Could you print each entry below verbatim while omitting the pictures?

Top of PROVIDED DATA

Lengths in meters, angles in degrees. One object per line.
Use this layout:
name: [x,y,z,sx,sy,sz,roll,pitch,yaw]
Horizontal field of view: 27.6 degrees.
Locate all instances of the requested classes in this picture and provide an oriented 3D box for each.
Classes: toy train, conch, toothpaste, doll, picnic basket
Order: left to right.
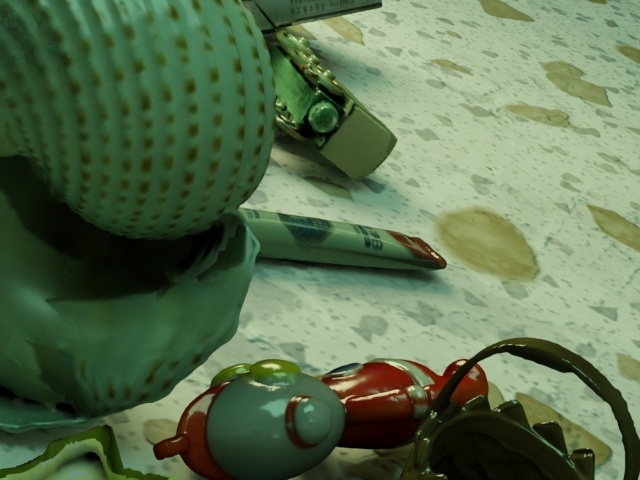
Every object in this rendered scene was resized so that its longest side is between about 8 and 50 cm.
conch: [-0.187,-0.048,0.813,0.319,0.302,0.215,2,13,-8]
doll: [-0.004,0.111,0.836,0.245,0.076,0.142,-2,-9,-39]
toy train: [-0.003,-0.137,1.319,0.125,0.081,0.194,37,10,-28]
toothpaste: [0.000,0.000,1.120,0.239,0.039,0.062,7,22,-31]
picnic basket: [0.116,0.139,0.776,0.128,0.178,0.138,32,28,17]

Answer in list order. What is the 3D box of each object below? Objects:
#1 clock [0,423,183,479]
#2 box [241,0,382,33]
clock: [-0.120,0.203,0.604,0.277,0.071,0.293,-11,28,-34]
box: [-0.084,-0.259,1.454,0.180,0.047,0.325,2,15,31]
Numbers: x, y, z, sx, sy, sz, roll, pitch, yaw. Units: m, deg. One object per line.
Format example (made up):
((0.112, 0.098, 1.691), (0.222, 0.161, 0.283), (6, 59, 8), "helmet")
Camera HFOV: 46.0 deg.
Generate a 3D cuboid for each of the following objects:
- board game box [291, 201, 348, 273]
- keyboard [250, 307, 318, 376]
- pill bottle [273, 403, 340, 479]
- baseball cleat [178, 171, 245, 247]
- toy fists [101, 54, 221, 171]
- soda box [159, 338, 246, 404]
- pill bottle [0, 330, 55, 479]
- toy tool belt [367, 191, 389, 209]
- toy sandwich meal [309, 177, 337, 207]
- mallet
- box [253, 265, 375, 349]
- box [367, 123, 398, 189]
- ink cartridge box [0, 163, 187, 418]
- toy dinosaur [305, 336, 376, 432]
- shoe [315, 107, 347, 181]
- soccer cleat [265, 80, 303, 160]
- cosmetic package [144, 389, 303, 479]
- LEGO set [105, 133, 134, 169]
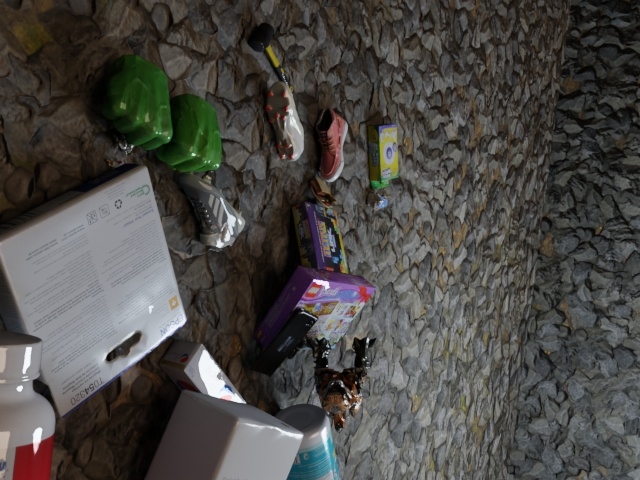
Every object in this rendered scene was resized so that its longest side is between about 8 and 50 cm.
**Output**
((0.000, 0.000, 1.842), (0.141, 0.048, 0.170), (13, 63, -58), "board game box")
((-0.077, 0.234, 1.720), (0.180, 0.023, 0.108), (-50, 142, 6), "keyboard")
((-0.032, 0.540, 1.820), (0.146, 0.146, 0.264), (-36, 124, -49), "pill bottle")
((-0.226, -0.052, 1.525), (0.206, 0.072, 0.109), (43, 65, -45), "baseball cleat")
((-0.284, -0.213, 1.378), (0.279, 0.096, 0.142), (32, 41, -54), "toy fists")
((-0.238, 0.295, 1.544), (0.069, 0.074, 0.216), (-58, 138, -33), "soda box")
((-0.490, 0.333, 1.032), (0.229, 0.229, 0.407), (7, 88, -56), "pill bottle")
((0.171, -0.111, 2.130), (0.083, 0.051, 0.052), (-4, 98, -56), "toy tool belt")
((0.008, -0.118, 1.874), (0.085, 0.029, 0.085), (40, 23, -20), "toy sandwich meal")
((-0.105, -0.395, 1.700), (0.062, 0.039, 0.189), (-60, 143, -33), "mallet")
((-0.007, 0.168, 1.813), (0.201, 0.057, 0.293), (-56, 149, 13), "box")
((0.178, -0.238, 2.136), (0.105, 0.043, 0.179), (-20, 112, -53), "box")
((-0.391, 0.077, 1.296), (0.324, 0.071, 0.330), (-39, 128, -48), "ink cartridge box")
((0.038, 0.341, 1.775), (0.164, 0.322, 0.218), (4, 75, -15), "toy dinosaur")
((0.019, -0.240, 1.881), (0.081, 0.063, 0.178), (35, 60, -51), "shoe")
((-0.078, -0.277, 1.731), (0.076, 0.068, 0.196), (-50, 140, -48), "soccer cleat")
((-0.231, 0.538, 1.438), (0.230, 0.161, 0.453), (32, 78, -53), "cosmetic package")
((-0.354, -0.164, 1.360), (0.054, 0.023, 0.083), (29, 70, -54), "LEGO set")
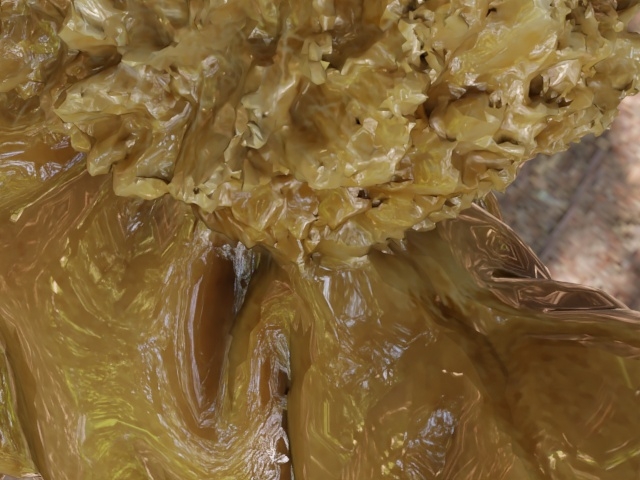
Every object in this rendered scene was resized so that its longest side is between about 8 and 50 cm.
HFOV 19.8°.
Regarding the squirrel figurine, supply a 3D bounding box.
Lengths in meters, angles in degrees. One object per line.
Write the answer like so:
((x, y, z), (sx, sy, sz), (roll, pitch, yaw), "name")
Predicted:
((0.000, 0.000, 0.587), (0.281, 0.370, 0.397), (-25, 127, -27), "squirrel figurine")
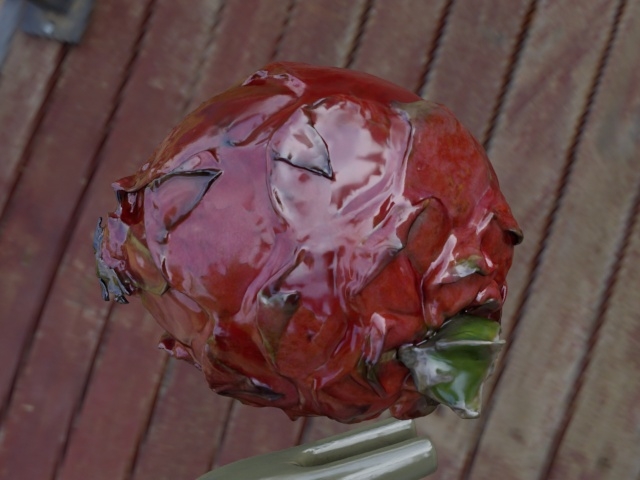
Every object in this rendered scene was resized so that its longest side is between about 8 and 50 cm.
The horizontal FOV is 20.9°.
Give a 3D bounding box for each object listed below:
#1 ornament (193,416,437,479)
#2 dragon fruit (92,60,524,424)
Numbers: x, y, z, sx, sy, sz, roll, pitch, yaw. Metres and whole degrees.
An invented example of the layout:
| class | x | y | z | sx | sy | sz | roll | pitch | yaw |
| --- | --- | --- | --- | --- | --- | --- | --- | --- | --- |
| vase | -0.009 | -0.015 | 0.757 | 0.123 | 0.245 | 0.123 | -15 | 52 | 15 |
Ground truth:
| class | x | y | z | sx | sy | sz | roll | pitch | yaw |
| --- | --- | --- | --- | --- | --- | --- | --- | --- | --- |
| ornament | -0.038 | 0.240 | 1.054 | 0.245 | 0.230 | 0.061 | -15 | 26 | -14 |
| dragon fruit | 0.000 | 0.000 | 0.826 | 0.209 | 0.172 | 0.172 | 19 | 86 | 14 |
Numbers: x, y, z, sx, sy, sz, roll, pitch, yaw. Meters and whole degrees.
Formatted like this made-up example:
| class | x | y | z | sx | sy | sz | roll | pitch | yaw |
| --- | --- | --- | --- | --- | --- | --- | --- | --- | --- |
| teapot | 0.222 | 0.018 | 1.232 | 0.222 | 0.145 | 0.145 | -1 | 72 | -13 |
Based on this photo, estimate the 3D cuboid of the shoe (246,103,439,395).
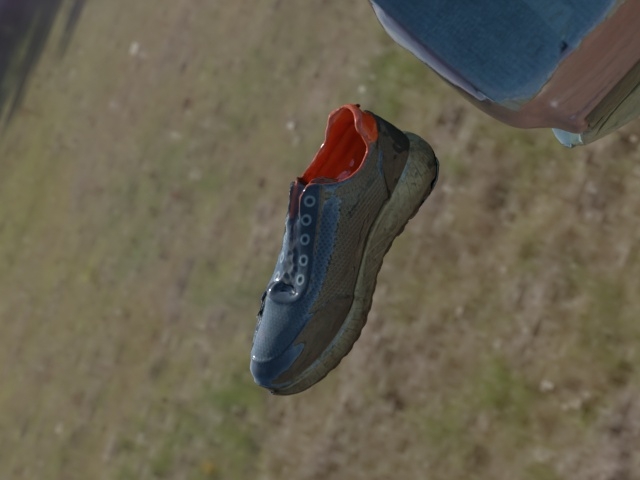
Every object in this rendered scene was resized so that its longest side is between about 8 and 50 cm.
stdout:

Bottom of PROVIDED DATA

**PROBLEM SOLUTION:**
Lengths in meters, angles in degrees. One object per line.
Use this layout:
name: [x,y,z,sx,sy,sz,roll,pitch,yaw]
Horizontal field of view: 27.6 degrees.
Locate all instances of the requested classes in this picture and provide an oriented 3D box for each.
Classes: toy train, conch, toothpaste, doll, picnic basket
Order: left to right.
Every object in this rendered scene was resized so that its longest side is between about 8 and 50 cm.
conch: [-0.187,-0.048,0.813,0.319,0.302,0.215,2,13,-8]
doll: [-0.004,0.111,0.836,0.245,0.076,0.142,-2,-9,-39]
toy train: [-0.003,-0.137,1.319,0.125,0.081,0.194,37,10,-28]
toothpaste: [0.000,0.000,1.120,0.239,0.039,0.062,7,22,-31]
picnic basket: [0.116,0.139,0.776,0.128,0.178,0.138,32,28,17]

Answer in list order. What is the 3D box of each object below? Objects:
#1 clock [0,423,183,479]
#2 box [241,0,382,33]
clock: [-0.120,0.203,0.604,0.277,0.071,0.293,-11,28,-34]
box: [-0.084,-0.259,1.454,0.180,0.047,0.325,2,15,31]
Numbers: x, y, z, sx, sy, sz, roll, pitch, yaw. Units: m, deg. One object per line.
Format example (made up):
((0.112, 0.098, 1.691), (0.222, 0.161, 0.283), (6, 59, 8), "helmet")
Camera HFOV: 46.0 deg.
Generate a 3D cuboid for each of the following objects:
- board game box [291, 201, 348, 273]
- keyboard [250, 307, 318, 376]
- pill bottle [273, 403, 340, 479]
- baseball cleat [178, 171, 245, 247]
- toy fists [101, 54, 221, 171]
- soda box [159, 338, 246, 404]
- pill bottle [0, 330, 55, 479]
- toy tool belt [367, 191, 389, 209]
- toy sandwich meal [309, 177, 337, 207]
- mallet
- box [253, 265, 375, 349]
- box [367, 123, 398, 189]
- ink cartridge box [0, 163, 187, 418]
- toy dinosaur [305, 336, 376, 432]
- shoe [315, 107, 347, 181]
- soccer cleat [265, 80, 303, 160]
- cosmetic package [144, 389, 303, 479]
- LEGO set [105, 133, 134, 169]
Every object in this rendered scene was resized so that its longest side is between about 8 and 50 cm.
**Output**
((0.000, 0.000, 1.842), (0.141, 0.048, 0.170), (13, 63, -58), "board game box")
((-0.077, 0.234, 1.720), (0.180, 0.023, 0.108), (-50, 142, 6), "keyboard")
((-0.032, 0.540, 1.820), (0.146, 0.146, 0.264), (-36, 124, -49), "pill bottle")
((-0.226, -0.052, 1.525), (0.206, 0.072, 0.109), (43, 65, -45), "baseball cleat")
((-0.284, -0.213, 1.378), (0.279, 0.096, 0.142), (32, 41, -54), "toy fists")
((-0.238, 0.295, 1.544), (0.069, 0.074, 0.216), (-58, 138, -33), "soda box")
((-0.490, 0.333, 1.032), (0.229, 0.229, 0.407), (7, 88, -56), "pill bottle")
((0.171, -0.111, 2.130), (0.083, 0.051, 0.052), (-4, 98, -56), "toy tool belt")
((0.008, -0.118, 1.874), (0.085, 0.029, 0.085), (40, 23, -20), "toy sandwich meal")
((-0.105, -0.395, 1.700), (0.062, 0.039, 0.189), (-60, 143, -33), "mallet")
((-0.007, 0.168, 1.813), (0.201, 0.057, 0.293), (-56, 149, 13), "box")
((0.178, -0.238, 2.136), (0.105, 0.043, 0.179), (-20, 112, -53), "box")
((-0.391, 0.077, 1.296), (0.324, 0.071, 0.330), (-39, 128, -48), "ink cartridge box")
((0.038, 0.341, 1.775), (0.164, 0.322, 0.218), (4, 75, -15), "toy dinosaur")
((0.019, -0.240, 1.881), (0.081, 0.063, 0.178), (35, 60, -51), "shoe")
((-0.078, -0.277, 1.731), (0.076, 0.068, 0.196), (-50, 140, -48), "soccer cleat")
((-0.231, 0.538, 1.438), (0.230, 0.161, 0.453), (32, 78, -53), "cosmetic package")
((-0.354, -0.164, 1.360), (0.054, 0.023, 0.083), (29, 70, -54), "LEGO set")
Every object in this rendered scene was resized so that its longest side is between about 8 and 50 cm.
HFOV 19.8°.
Regarding the squirrel figurine, supply a 3D bounding box.
Lengths in meters, angles in degrees. One object per line.
Write the answer like so:
((x, y, z), (sx, sy, sz), (roll, pitch, yaw), "name")
Predicted:
((0.000, 0.000, 0.587), (0.281, 0.370, 0.397), (-25, 127, -27), "squirrel figurine")
Every object in this rendered scene was resized so that its longest side is between about 8 and 50 cm.
The horizontal FOV is 20.9°.
Give a 3D bounding box for each object listed below:
#1 ornament (193,416,437,479)
#2 dragon fruit (92,60,524,424)
Numbers: x, y, z, sx, sy, sz, roll, pitch, yaw. Metres and whole degrees.
An invented example of the layout:
| class | x | y | z | sx | sy | sz | roll | pitch | yaw |
| --- | --- | --- | --- | --- | --- | --- | --- | --- | --- |
| vase | -0.009 | -0.015 | 0.757 | 0.123 | 0.245 | 0.123 | -15 | 52 | 15 |
Ground truth:
| class | x | y | z | sx | sy | sz | roll | pitch | yaw |
| --- | --- | --- | --- | --- | --- | --- | --- | --- | --- |
| ornament | -0.038 | 0.240 | 1.054 | 0.245 | 0.230 | 0.061 | -15 | 26 | -14 |
| dragon fruit | 0.000 | 0.000 | 0.826 | 0.209 | 0.172 | 0.172 | 19 | 86 | 14 |
Numbers: x, y, z, sx, sy, sz, roll, pitch, yaw. Meters and whole degrees.
Formatted like this made-up example:
| class | x | y | z | sx | sy | sz | roll | pitch | yaw |
| --- | --- | --- | --- | --- | --- | --- | --- | --- | --- |
| teapot | 0.222 | 0.018 | 1.232 | 0.222 | 0.145 | 0.145 | -1 | 72 | -13 |
Based on this photo, estimate the 3D cuboid of the shoe (246,103,439,395).
Every object in this rendered scene was resized so that its longest side is between about 8 and 50 cm.
stdout:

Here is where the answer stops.